━━ Material provided

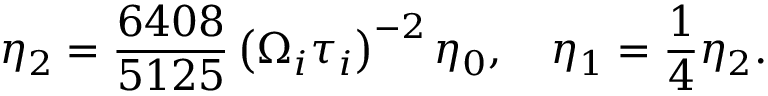<formula> <loc_0><loc_0><loc_500><loc_500>\eta _ { 2 } = \frac { 6 4 0 8 } { 5 1 2 5 } \left ( \Omega _ { i } \tau _ { i } \right ) ^ { - 2 } \eta _ { 0 } , \quad \eta _ { 1 } = \frac { 1 } { 4 } \eta _ { 2 } .</formula> 
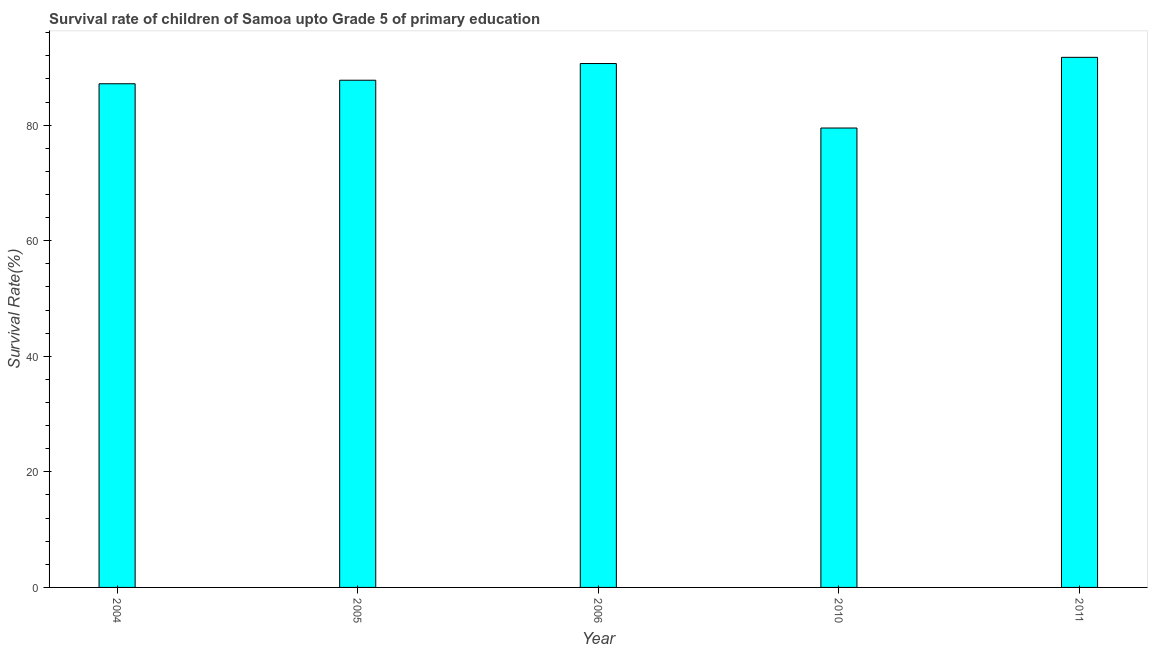Does the graph contain any zero values?
Provide a succinct answer. No. Does the graph contain grids?
Your answer should be very brief. No. What is the title of the graph?
Give a very brief answer. Survival rate of children of Samoa upto Grade 5 of primary education. What is the label or title of the Y-axis?
Offer a terse response. Survival Rate(%). What is the survival rate in 2006?
Your response must be concise. 90.66. Across all years, what is the maximum survival rate?
Keep it short and to the point. 91.74. Across all years, what is the minimum survival rate?
Your answer should be compact. 79.5. In which year was the survival rate maximum?
Your answer should be compact. 2011. What is the sum of the survival rate?
Keep it short and to the point. 436.85. What is the difference between the survival rate in 2004 and 2010?
Offer a terse response. 7.66. What is the average survival rate per year?
Keep it short and to the point. 87.37. What is the median survival rate?
Your answer should be compact. 87.78. In how many years, is the survival rate greater than 84 %?
Your response must be concise. 4. Do a majority of the years between 2011 and 2010 (inclusive) have survival rate greater than 48 %?
Provide a short and direct response. No. What is the ratio of the survival rate in 2005 to that in 2006?
Offer a terse response. 0.97. Is the survival rate in 2006 less than that in 2010?
Provide a succinct answer. No. What is the difference between the highest and the second highest survival rate?
Provide a short and direct response. 1.07. What is the difference between the highest and the lowest survival rate?
Provide a succinct answer. 12.23. In how many years, is the survival rate greater than the average survival rate taken over all years?
Your answer should be compact. 3. How many bars are there?
Make the answer very short. 5. Are all the bars in the graph horizontal?
Offer a very short reply. No. What is the Survival Rate(%) of 2004?
Make the answer very short. 87.17. What is the Survival Rate(%) in 2005?
Make the answer very short. 87.78. What is the Survival Rate(%) of 2006?
Your answer should be very brief. 90.66. What is the Survival Rate(%) of 2010?
Your response must be concise. 79.5. What is the Survival Rate(%) in 2011?
Your answer should be compact. 91.74. What is the difference between the Survival Rate(%) in 2004 and 2005?
Give a very brief answer. -0.61. What is the difference between the Survival Rate(%) in 2004 and 2006?
Your answer should be very brief. -3.5. What is the difference between the Survival Rate(%) in 2004 and 2010?
Your response must be concise. 7.66. What is the difference between the Survival Rate(%) in 2004 and 2011?
Your answer should be compact. -4.57. What is the difference between the Survival Rate(%) in 2005 and 2006?
Provide a short and direct response. -2.89. What is the difference between the Survival Rate(%) in 2005 and 2010?
Provide a succinct answer. 8.27. What is the difference between the Survival Rate(%) in 2005 and 2011?
Offer a terse response. -3.96. What is the difference between the Survival Rate(%) in 2006 and 2010?
Offer a very short reply. 11.16. What is the difference between the Survival Rate(%) in 2006 and 2011?
Provide a short and direct response. -1.07. What is the difference between the Survival Rate(%) in 2010 and 2011?
Your response must be concise. -12.23. What is the ratio of the Survival Rate(%) in 2004 to that in 2006?
Give a very brief answer. 0.96. What is the ratio of the Survival Rate(%) in 2004 to that in 2010?
Give a very brief answer. 1.1. What is the ratio of the Survival Rate(%) in 2004 to that in 2011?
Provide a short and direct response. 0.95. What is the ratio of the Survival Rate(%) in 2005 to that in 2006?
Your response must be concise. 0.97. What is the ratio of the Survival Rate(%) in 2005 to that in 2010?
Offer a very short reply. 1.1. What is the ratio of the Survival Rate(%) in 2005 to that in 2011?
Provide a short and direct response. 0.96. What is the ratio of the Survival Rate(%) in 2006 to that in 2010?
Ensure brevity in your answer.  1.14. What is the ratio of the Survival Rate(%) in 2006 to that in 2011?
Provide a succinct answer. 0.99. What is the ratio of the Survival Rate(%) in 2010 to that in 2011?
Provide a short and direct response. 0.87. 
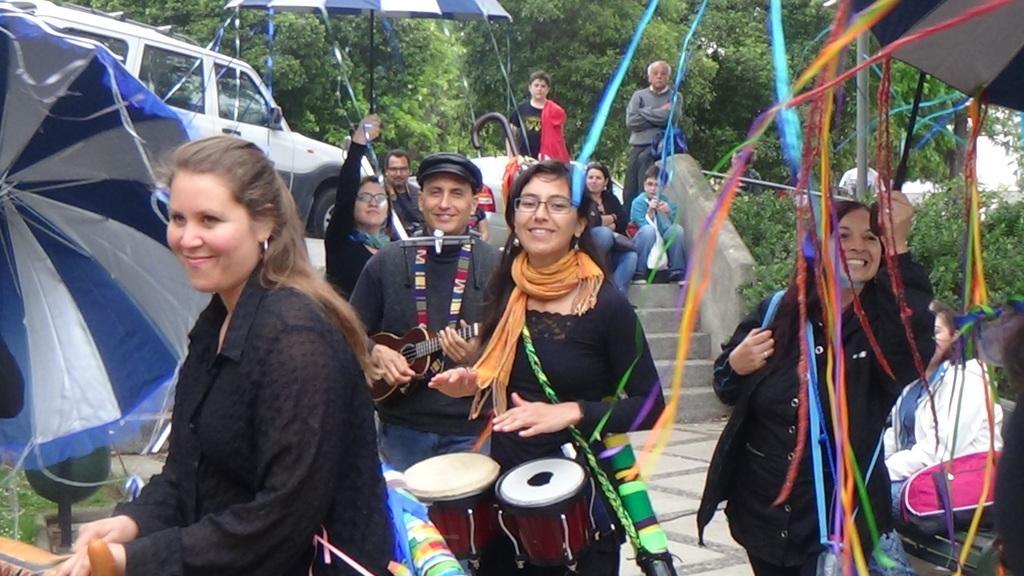Describe this image in one or two sentences. This picture describes about group of people few are standing and few are seated on the steps , in the middle of the image a man is playing guitar and a woman is playing drums, and also we can see an umbrella, a car and couple of trees. 
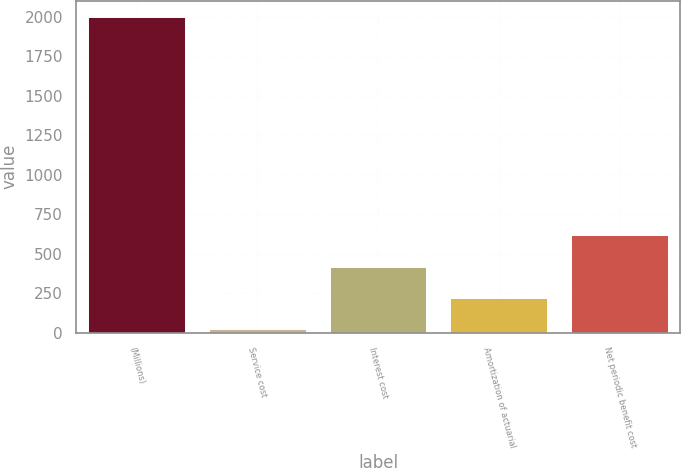<chart> <loc_0><loc_0><loc_500><loc_500><bar_chart><fcel>(Millions)<fcel>Service cost<fcel>Interest cost<fcel>Amortization of actuarial<fcel>Net periodic benefit cost<nl><fcel>2003<fcel>23<fcel>419<fcel>221<fcel>617<nl></chart> 
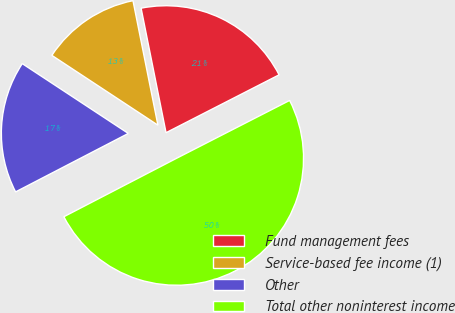Convert chart. <chart><loc_0><loc_0><loc_500><loc_500><pie_chart><fcel>Fund management fees<fcel>Service-based fee income (1)<fcel>Other<fcel>Total other noninterest income<nl><fcel>20.62%<fcel>12.59%<fcel>16.88%<fcel>49.92%<nl></chart> 
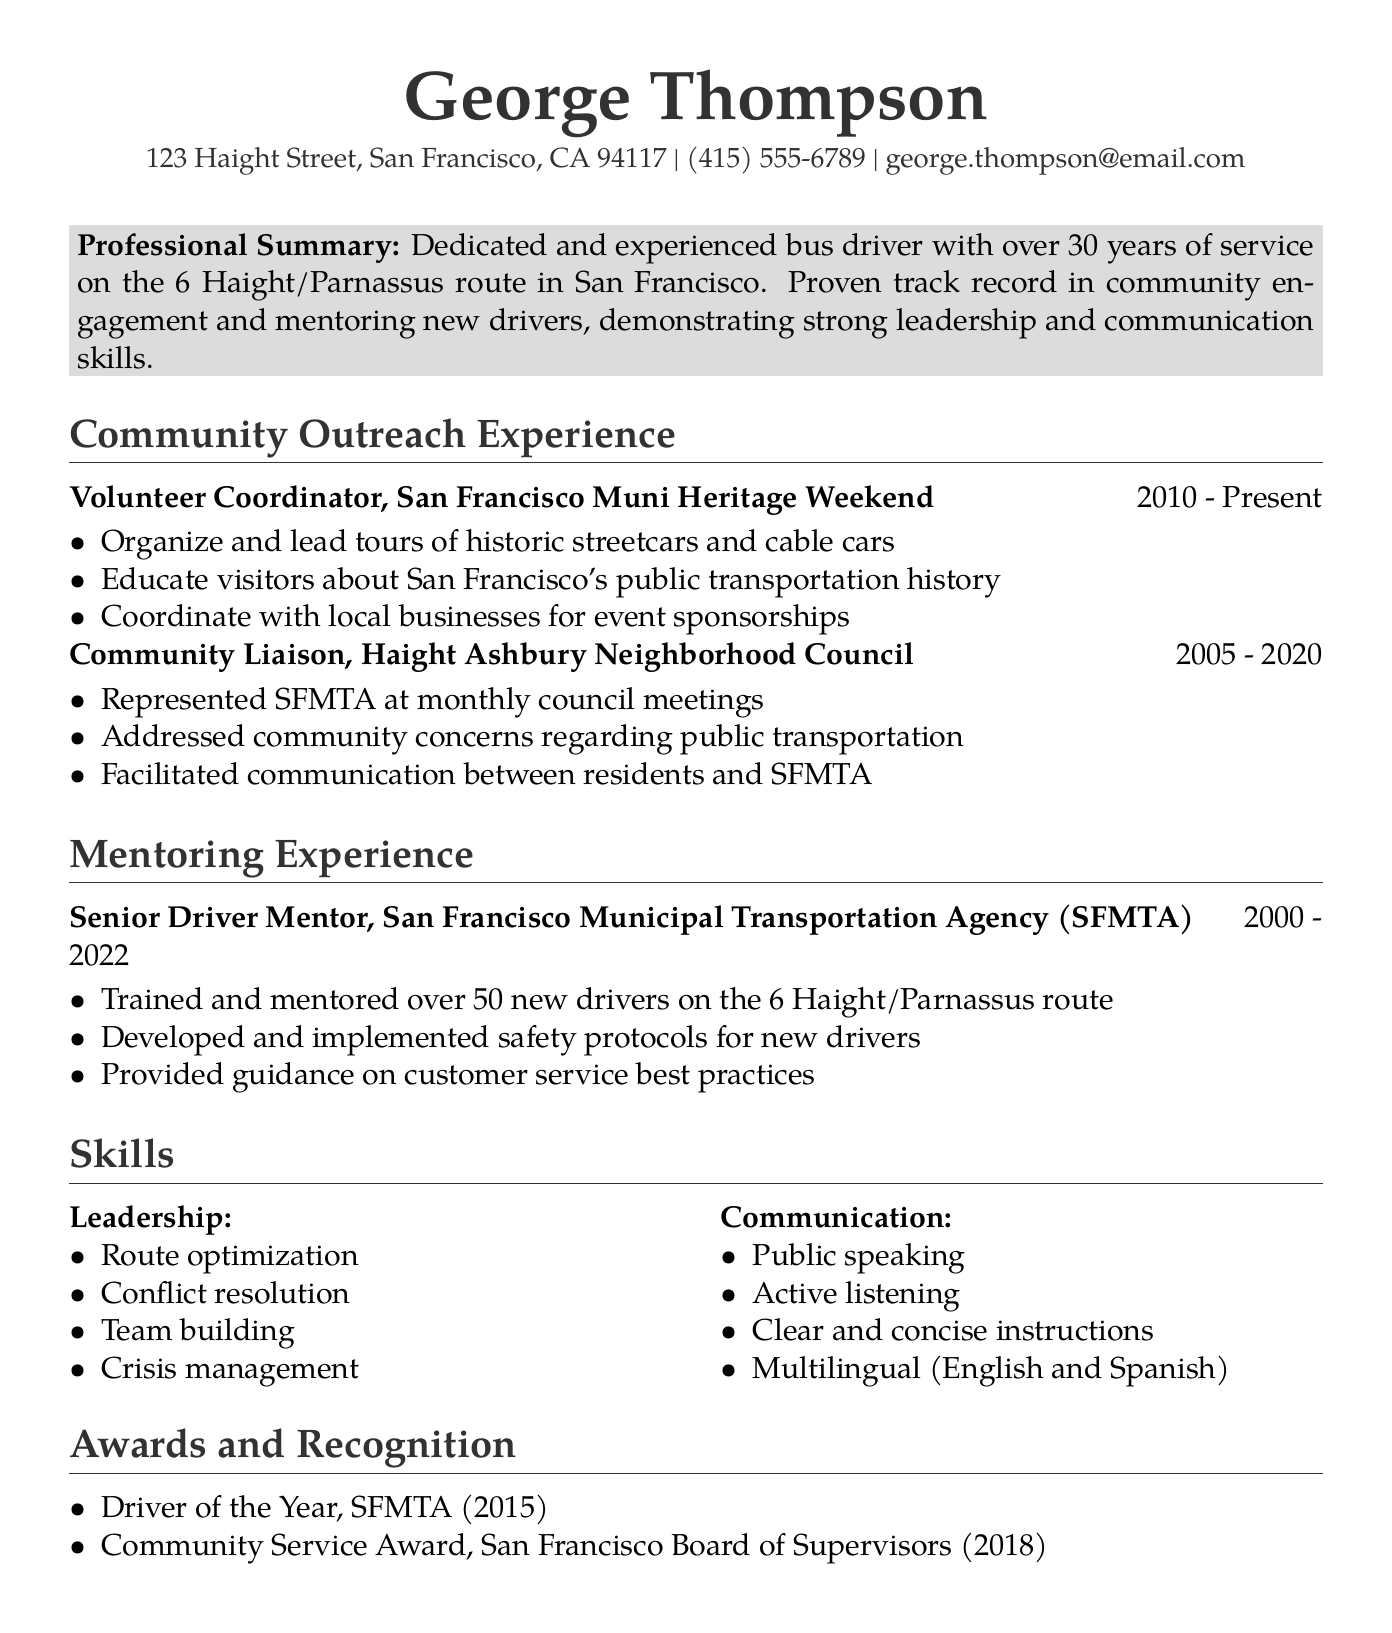What is the name of the individual? The document provides the name as the main header.
Answer: George Thompson What is the email address listed? The email address provided in the contact information section is mentioned directly.
Answer: george.thompson@email.com In which organization did George serve as a Senior Driver Mentor? The mentoring experience section specifies the organization where he worked.
Answer: San Francisco Municipal Transportation Agency How many new drivers has George trained and mentored? The mentoring experience explicitly states the number of new drivers he has trained.
Answer: over 50 What award did George receive in 2015? The awards and recognition section lists specific awards by year.
Answer: Driver of the Year During which years did George serve as Community Liaison? The duration for the Community Liaison position is explicitly provided.
Answer: 2005 - 2020 What public speaking skill does George possess? The communication skills section highlights his abilities in a specific context.
Answer: Public speaking What was George's role at the San Francisco Muni Heritage Weekend? The community outreach experience section specifies his title in this role.
Answer: Volunteer Coordinator Which two languages can George communicate in? The communication skills section indicates his language proficiency.
Answer: English and Spanish 
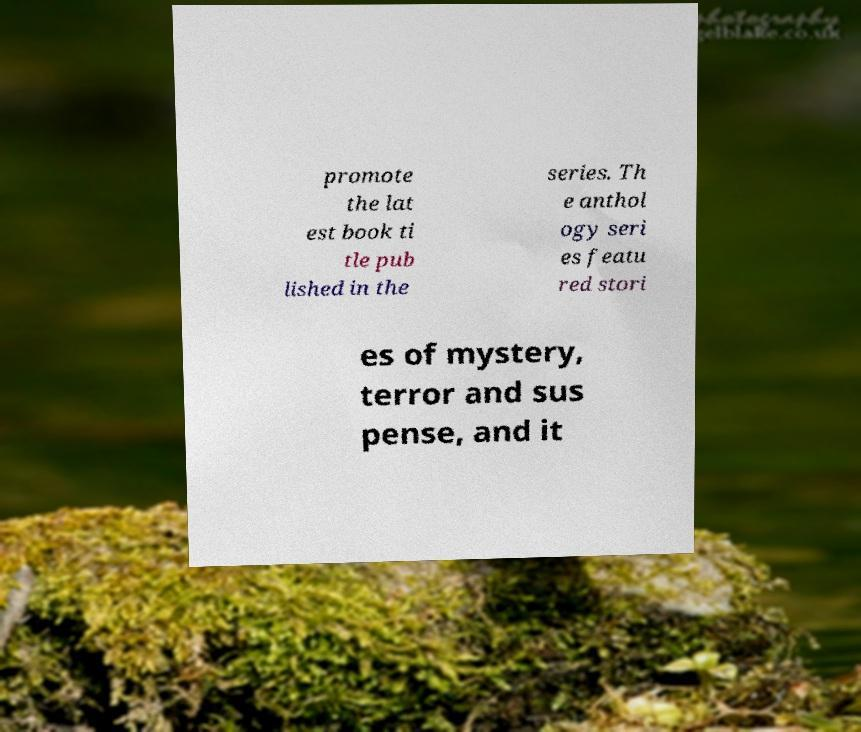Please read and relay the text visible in this image. What does it say? promote the lat est book ti tle pub lished in the series. Th e anthol ogy seri es featu red stori es of mystery, terror and sus pense, and it 
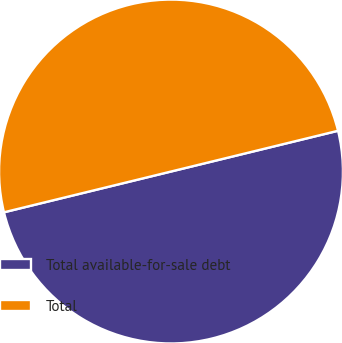Convert chart to OTSL. <chart><loc_0><loc_0><loc_500><loc_500><pie_chart><fcel>Total available-for-sale debt<fcel>Total<nl><fcel>50.0%<fcel>50.0%<nl></chart> 
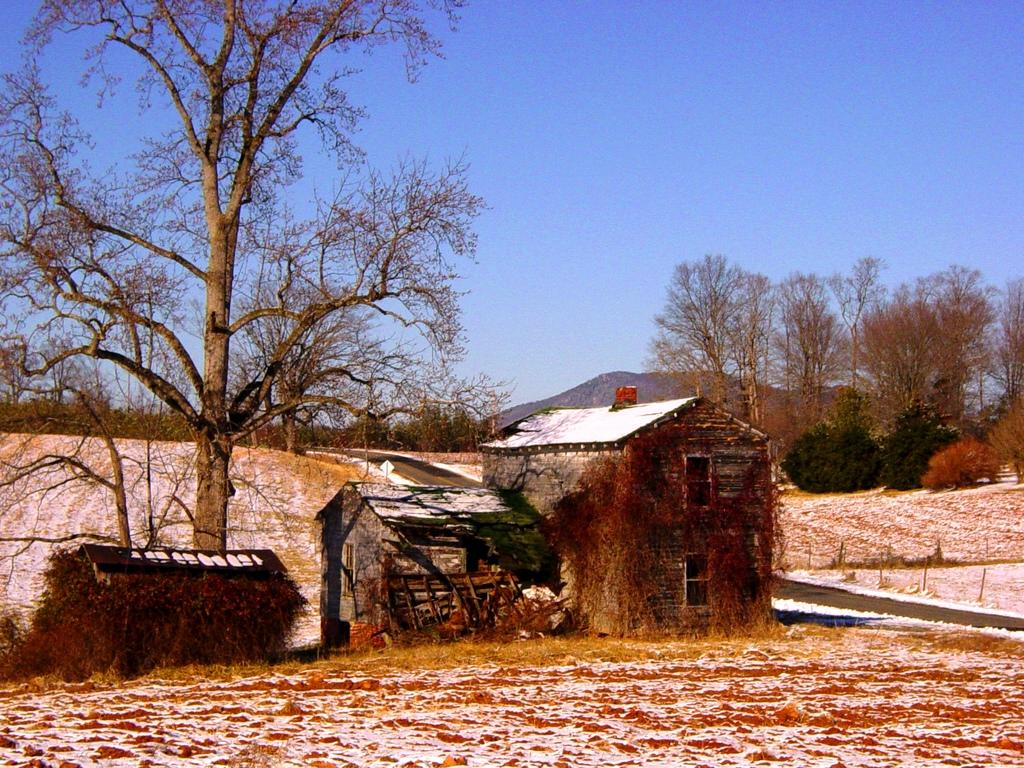What type of structures can be seen in the image? There are houses in the image. What is the main pathway visible in the image? There is a road in the image. What type of vegetation is present in the image? There is grass and trees in the image. What can be seen in the distance in the image? There is a hill visible in the background of the image. What is visible above the hill in the image? The sky is visible in the background of the image. What type of oatmeal is being served on the hill in the image? There is no oatmeal present in the image; it features houses, a road, grass, trees, a hill, and the sky. How many icicles are hanging from the trees in the image? There are no icicles present in the image; it is not winter or cold enough for icicles to form.

━━━━

▸ Work order: Within the records above, tally the lines that contain "title". Give the total and nothing more.

▸ Task response: 3